Verdachte heeft ook ter terechtzitting ontkend iets te maken te hebben met bedoelde vracht.
Uit de zich in het dossier bevindende stukken is niet gebleken dat verdachte enig contact heeft gehad met [naam bedrijf 1] over de vracht, noch dat hij de vracht heeft aangeleverd, noch dat hij of een ander namens hem de vrachtbrief heeft ingevuld of dat er met hem is gebeld op het mobiele telefoonnummer dat [naam bedrijf 1] in haar administratie had genoteerd. Bovenstaande in aanmerking nemend, is de rechtbank van oordeel dat hetgeen verdachte ten laste wordt gelegd niet wettig en overtuigend bewezen kan worden.
Bij deze stand van zaken moet vrijspraak volgen voor het onder 1 ten laste gelegde feit.
Ten aanzien van het onder 2 ten laste gelegde feit
Van het aan een organisatie als bedoeld in artikel 140 van het Wetboek van Strafrecht deelnemen is slechts dan sprake indien verdachte behoort tot het samenwerkingsverband en een aandeel heeft in, dan wel ondersteunt, gedragingen die strekken tot of rechtstreeks verband houden met de verwezenlijking van het in dat artikel bedoelde oogmerk van de organisatie.
Verdachte ontkent dat hij heeft geweten dat er sigaretten in zijn bus hebben gelegen toen hij op 27 oktober 2007 is aangehouden in Newcastle. Hij was, zoals hij ter terechtzitting heeft verklaard, in de veronderstelling dat hij voor opdrachtgever [naam opdrachtgever] meubelen voor een beurs naar Engeland bracht. De vracht is in Engeland onderschept, en er zijn 1.404.000 sigaretten waarover geen accijns is geheven in de bus gevonden, waarvoor verdachte in Engeland is aangehouden en veroordeeld.
Uit de zich in het dossier bevindende stukken kan niet worden afgeleid dat verdachte wist van de aanwezigheid van de sigaretten in de door hem bestuurde bus.

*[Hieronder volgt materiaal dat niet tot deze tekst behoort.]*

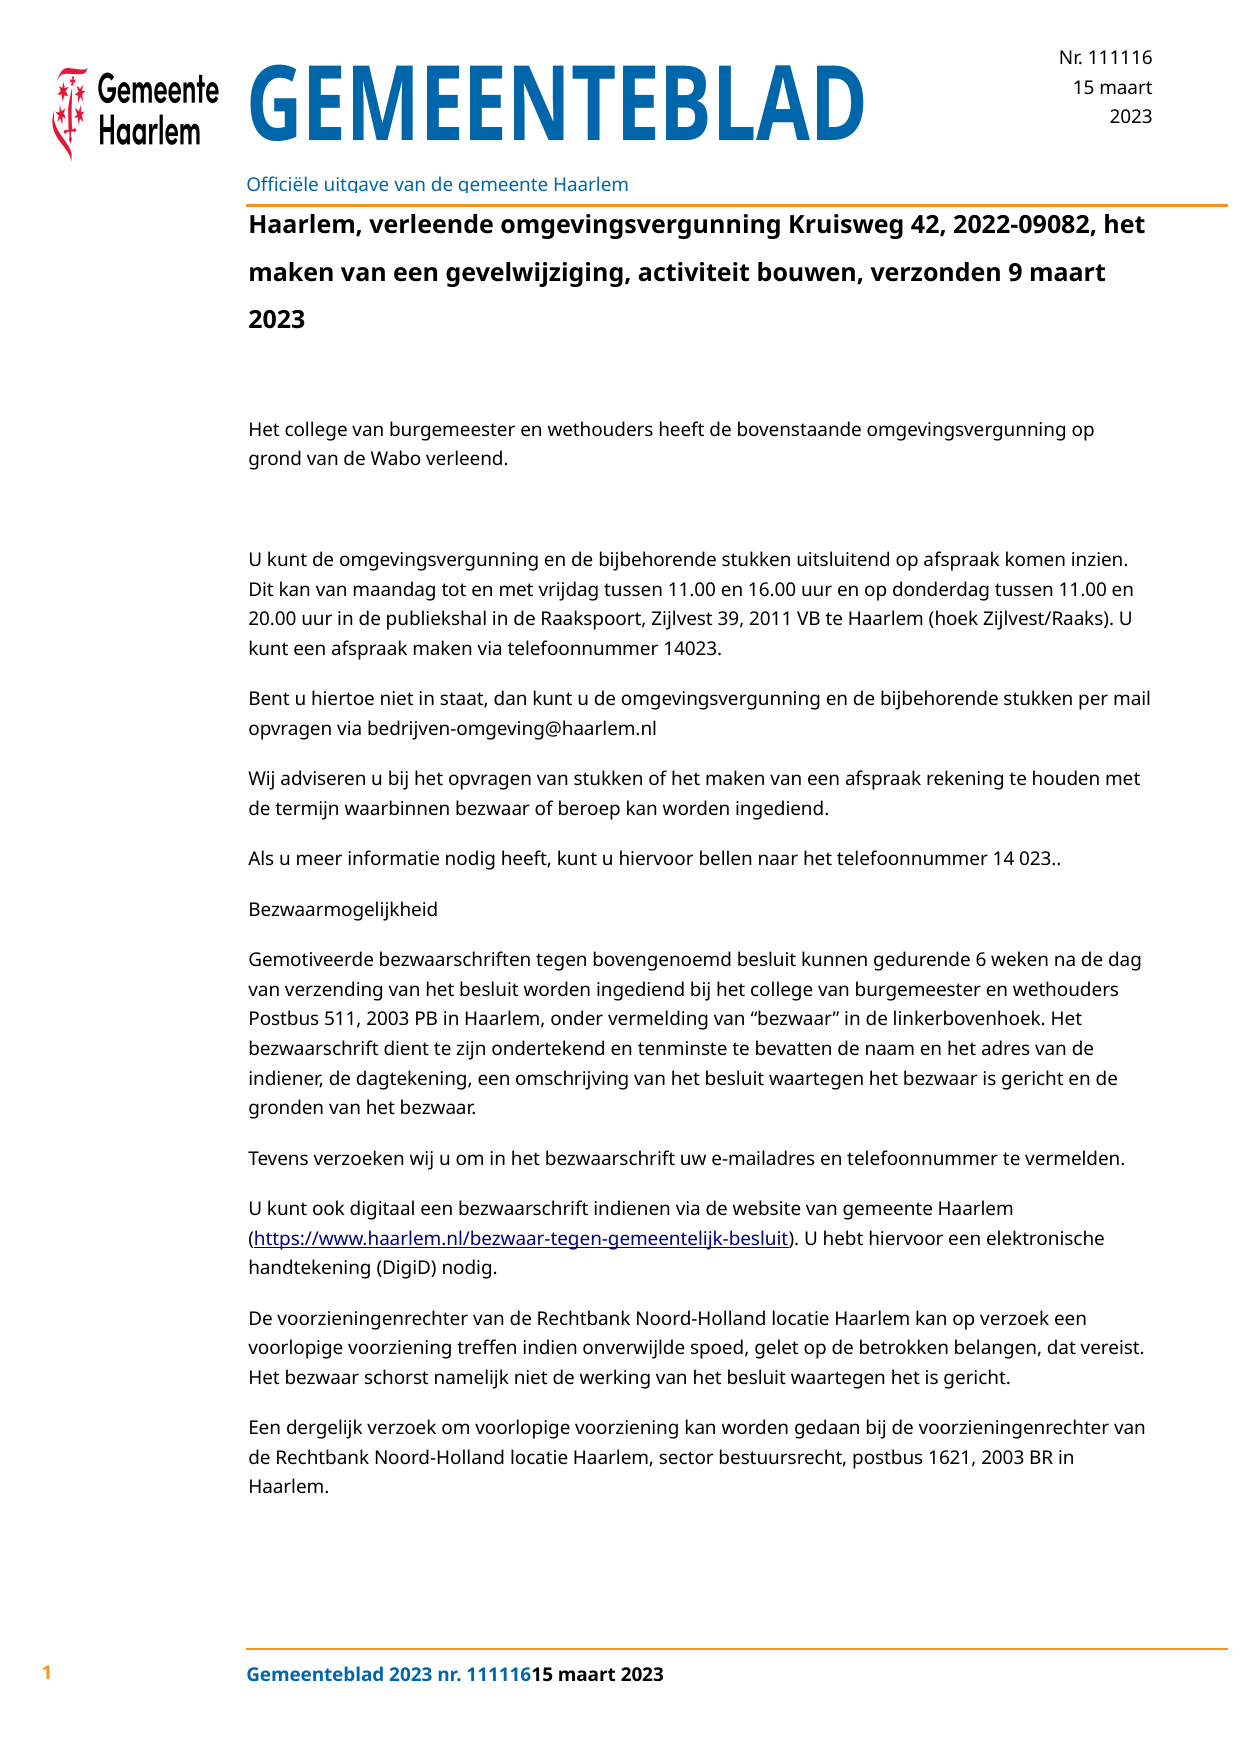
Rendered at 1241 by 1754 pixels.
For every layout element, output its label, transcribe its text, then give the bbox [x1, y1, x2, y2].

text Een dergelijk verzoek om voorlopige voorziening kan worden gedaan bij de voorzieningenrechter van de Rechtbank Noord-Holland locatie Haarlem, sector bestuursrecht, postbus 1621, 2003 BR in Haarlem. [248, 1414, 1152, 1499]
text Haarlem, verleende omgevingsvergunning Kruisweg 42, 2022-09082, het maken van een gevelwijziging, activiteit bouwen, verzonden 9 maart 2023 [248, 207, 1152, 336]
text Wij adviseren u bij het opvragen van stukken of het maken van een afspraak rekening te houden met de termijn waarbinnen bezwaar of beroep kan worden ingediend. [248, 766, 1152, 821]
text U kunt ook digitaal een bezwaarschrift indienen via de website van gemeente Haarlem (https://www.haarlem.nl/bezwaar-tegen-gemeentelijk-besluit). U hebt hiervoor een elektronische handtekening (DigiD) nodig. [248, 1195, 1152, 1280]
text Gemotiveerde bezwaarschriften tegen bovengenoemd besluit kunnen gedurende 6 weken na de dag van verzending van het besluit worden ingediend bij het college van burgemeester en wethouders Postbus 511, 2003 PB in Haarlem, onder vermelding van “bezwaar” in de linkerbovenhoek. Het bezwaarschrift dient te zijn ondertekend en tenminste te bevatten de naam en het adres van de indiener, de dagtekening, een omschrijving van het besluit waartegen het bezwaar is gericht en de gronden van het bezwaar. [248, 946, 1152, 1120]
text Tevens verzoeken wij u om in het bezwaarschrift uw e-mailadres en telefoonnummer te vermelden. [248, 1145, 1152, 1170]
text U kunt de omgevingsvergunning en de bijbehorende stukken uitsluitend op afspraak komen inzien. Dit kan van maandag tot en met vrijdag tussen 11.00 en 16.00 uur en op donderdag tussen 11.00 en 20.00 uur in de publiekshal in de Raakspoort, Zijlvest 39, 2011 VB te Haarlem (hoek Zijlvest/Raaks). U kunt een afspraak maken via telefoonnummer 14023. [248, 546, 1152, 661]
text De voorzieningenrechter van de Rechtbank Noord-Holland locatie Haarlem kan op verzoek een voorlopige voorziening treffen indien onverwijlde spoed, gelet op de betrokken belangen, dat vereist. Het bezwaar schorst namelijk niet de werking van het besluit waartegen het is gericht. [248, 1305, 1152, 1389]
text Als u meer informatie nodig heeft, kunt u hiervoor bellen naar het telefoonnummer 14 023.. [248, 846, 1152, 871]
text Bezwaarmogelijkheid [248, 896, 1152, 922]
text Het college van burgemeester en wethouders heeft de bovenstaande omgevingsvergunning op grond van de Wabo verleend. [248, 416, 1152, 471]
text Bent u hiertoe niet in staat, dan kunt u de omgevingsvergunning en de bijbehorende stukken per mail opvragen via bedrijven-omgeving@haarlem.nl [248, 686, 1152, 741]
picture [41, 47, 231, 172]
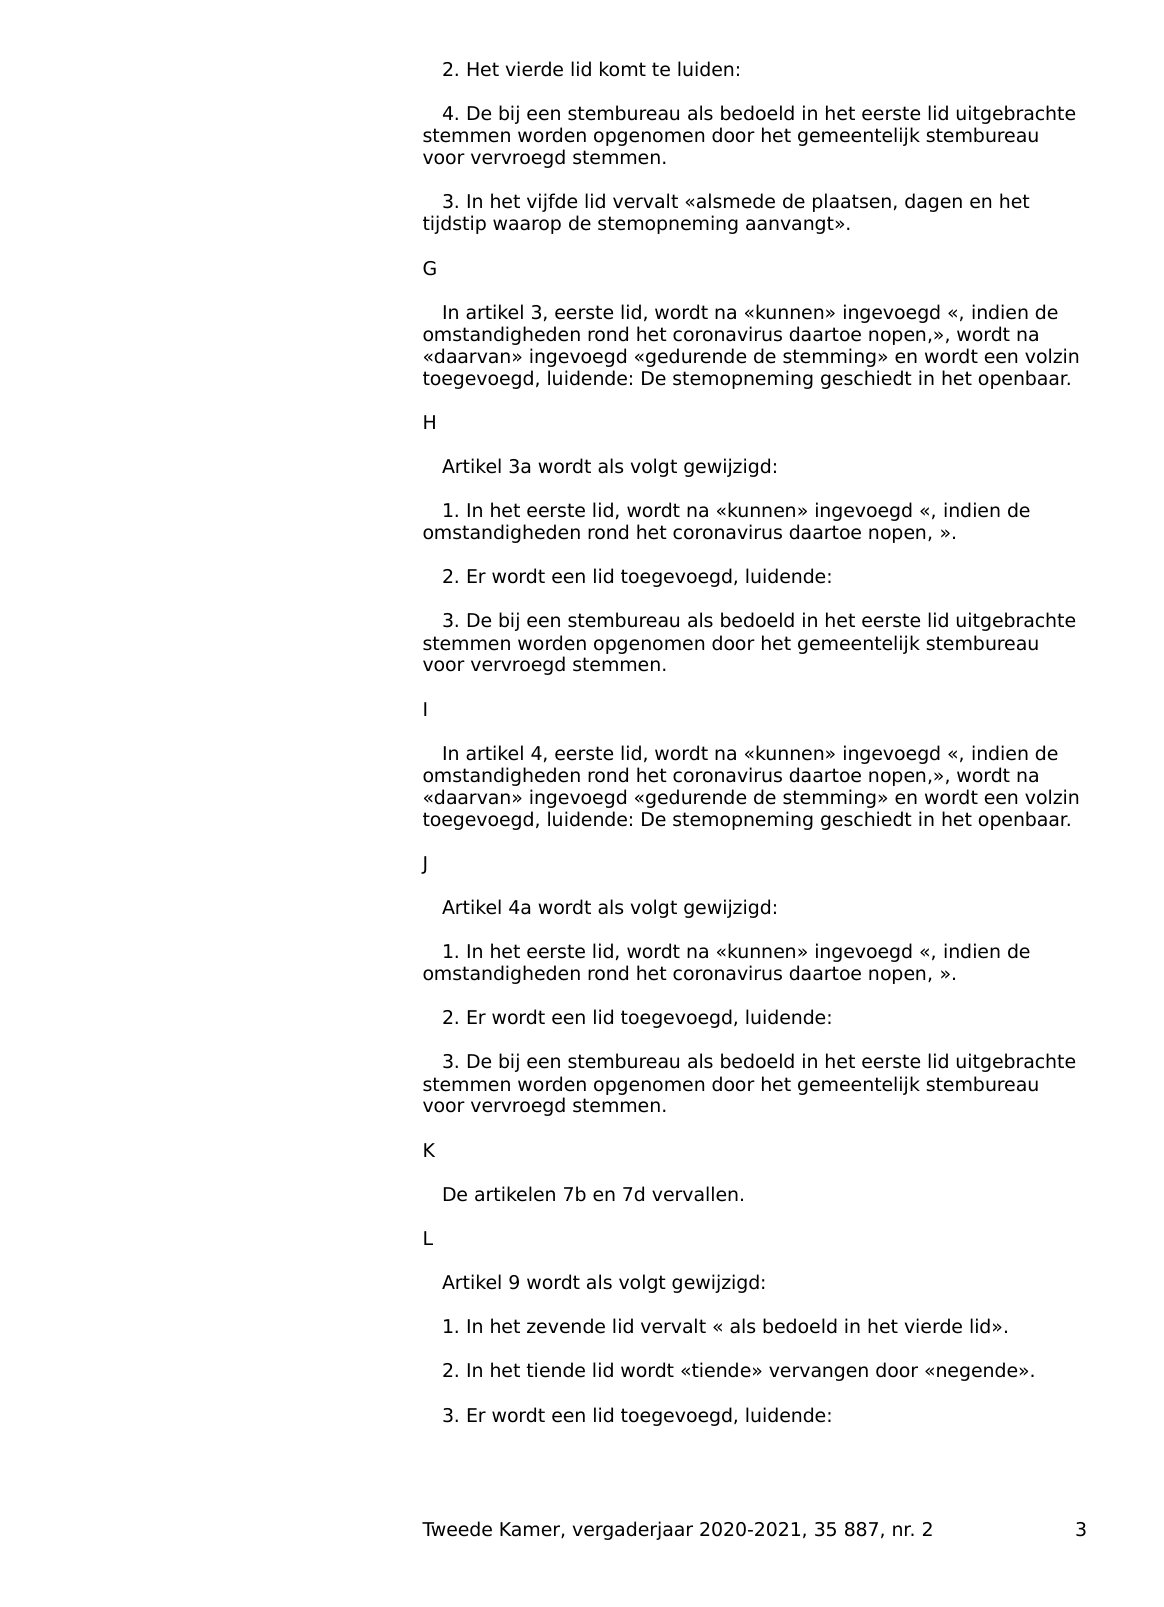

Ook is niet gebleken dat verdachte vaker een dergelijk transport heeft uitgevoerd voor [naam opdrachtgever] of een andere opdrachtgever. Ook overigens zijn er in het dossier onvoldoende aanwijzingen waaruit kan worden afgeleid dat verdachte behoort tot een organisatie zoals tenlastegelegd.
De rechtbank is dan ook gelet op het vorenoverwogene van oordeel dat er onvoldoende bewijs is om te kunnen spreken van deelneming door verdachte aan een organisatie, die tot oogmerk had het plegen van misdrijven, zoals tenlastegelegd.
Nu geen bewezenverklaring kan volgen voor de deelneming aan een organisatie, die tot oogmerk had het plegen van misdrijven, zoals tenlastegelegd, moet vrijspraak volgen van het onder 2 ten laste gelegde feit.
Beslissing
De rechtbank:
• verklaart niet bewezen, dat verdachte het onder 1 en 2 tenlastegelegde heeft begaan en spreekt verdachte daarvan vrij.
Aldus gewezen door mrs. Van de Wetering, voorzitter, Van der Hooft en Draisma, rechters, in tegenwoordigheid van mr. Oosting, griffier, en uitgesproken op de openbare terechtzitting van 20 juli 2010.